RECORDS SHOWN:
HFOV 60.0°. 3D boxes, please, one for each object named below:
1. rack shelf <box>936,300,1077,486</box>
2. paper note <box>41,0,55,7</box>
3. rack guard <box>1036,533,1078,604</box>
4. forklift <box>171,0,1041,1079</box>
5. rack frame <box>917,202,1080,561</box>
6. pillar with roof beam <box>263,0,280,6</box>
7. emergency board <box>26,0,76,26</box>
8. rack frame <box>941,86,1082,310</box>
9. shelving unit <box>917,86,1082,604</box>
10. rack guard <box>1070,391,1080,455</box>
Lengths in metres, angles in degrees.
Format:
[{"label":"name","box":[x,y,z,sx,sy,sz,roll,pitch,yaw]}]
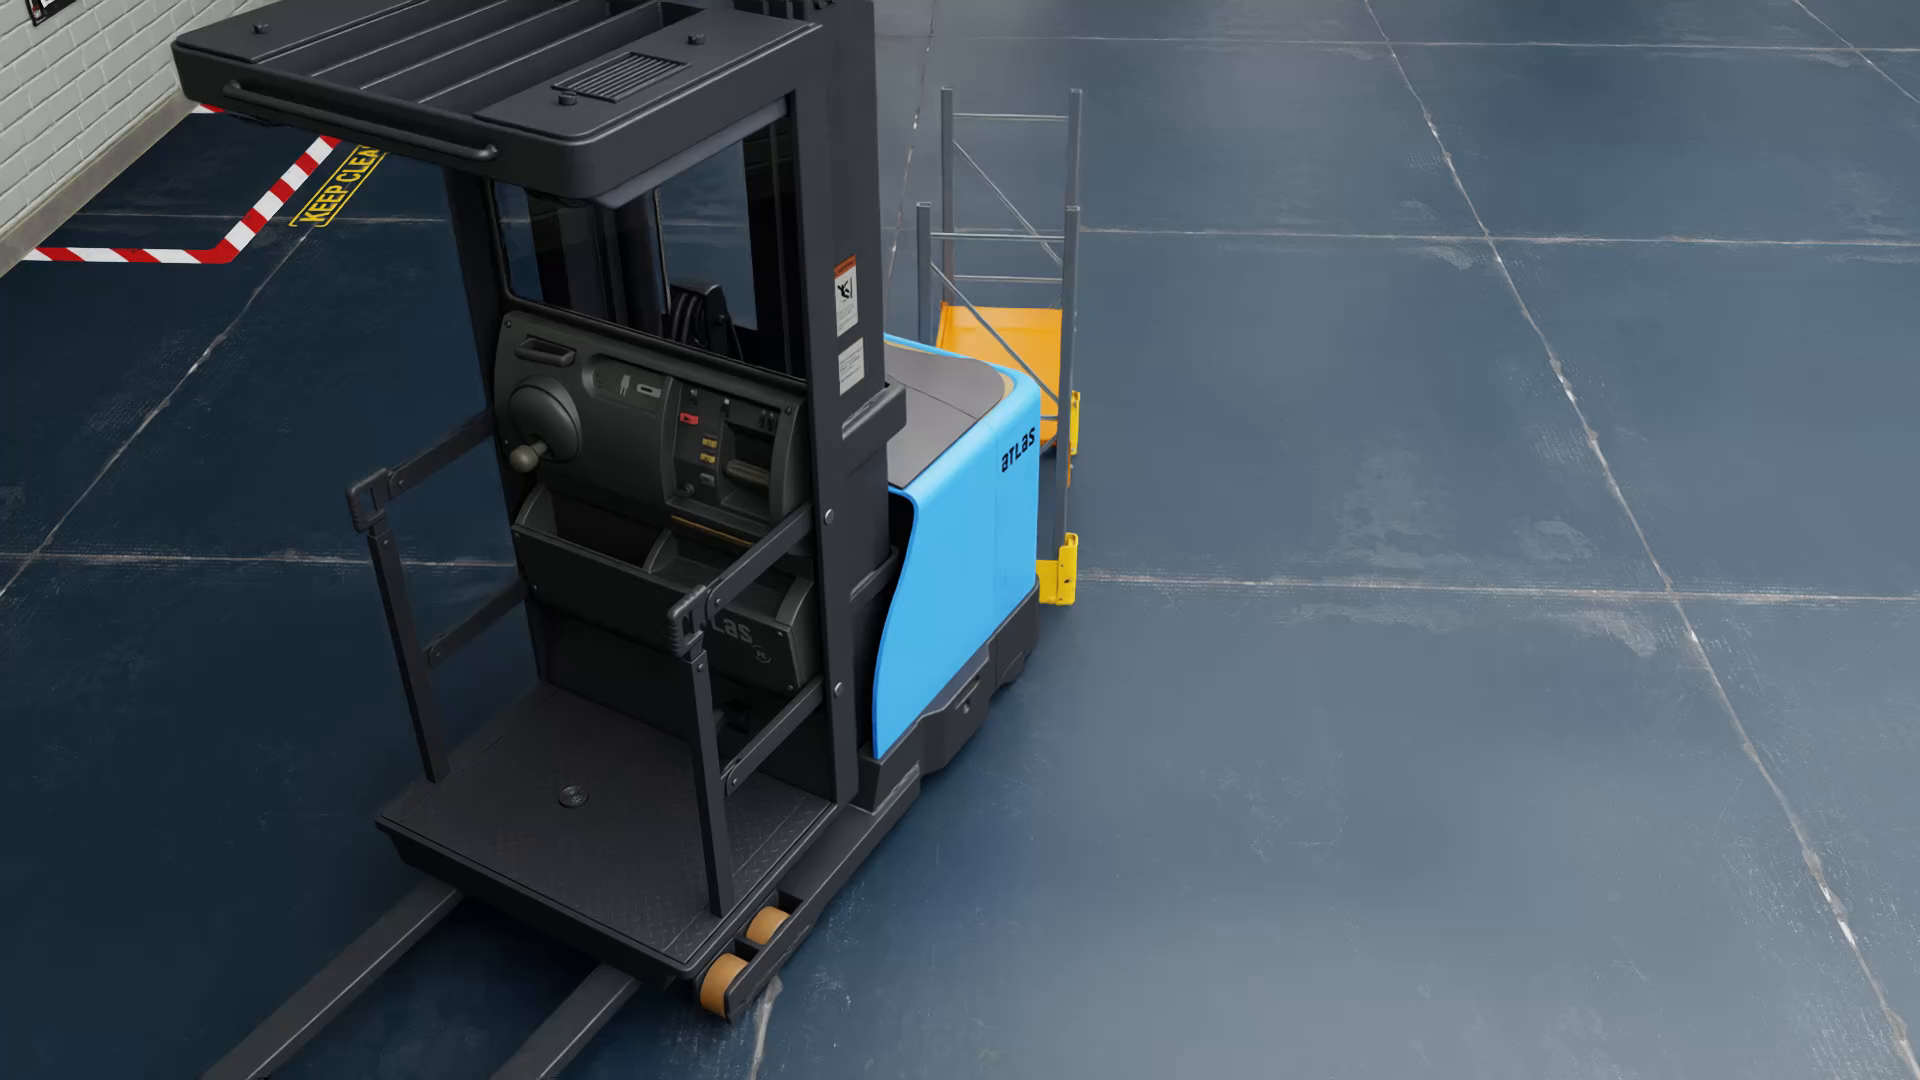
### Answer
[{"label":"rack shelf","box":[0.150,-0.553,6.046,0.538,0.185,1.000,2,35,3]},{"label":"paper note","box":[-4.594,-2.769,8.348,0.016,0.148,0.142,1,35,2]},{"label":"rack guard","box":[0.118,0.092,5.902,0.587,0.250,0.087,2,35,3]},{"label":"forklift","box":[-0.906,-0.230,4.028,1.130,2.935,3.031,18,39,24]},{"label":"rack frame","box":[0.117,-0.409,5.527,0.500,1.500,0.032,2,35,3]},{"label":"pillar with roof beam","box":[-0.079,-7.004,8.390,9.100,9.000,0.400,1,35,2]},{"label":"emergency board","box":[-4.536,-3.225,8.231,0.157,1.169,0.626,1,35,2]},{"label":"rack frame","box":[0.184,-0.992,6.357,0.500,1.500,0.032,2,35,3]},{"label":"shelving unit","box":[0.151,-0.706,5.950,0.587,1.500,1.083,2,35,3]},{"label":"rack guard","box":[0.184,-0.480,6.715,0.587,0.250,0.087,2,35,3]}]

ACTION ITEM: The lines running from the start of the data through the one that contains "5. rack frame <box>917,202,1080,561</box>" should be reproduced exactly, and only those.

WRITTEN RESPONSE:
HFOV 60.0°. 3D boxes, please, one for each object named below:
1. rack shelf <box>936,300,1077,486</box>
2. paper note <box>41,0,55,7</box>
3. rack guard <box>1036,533,1078,604</box>
4. forklift <box>171,0,1041,1079</box>
5. rack frame <box>917,202,1080,561</box>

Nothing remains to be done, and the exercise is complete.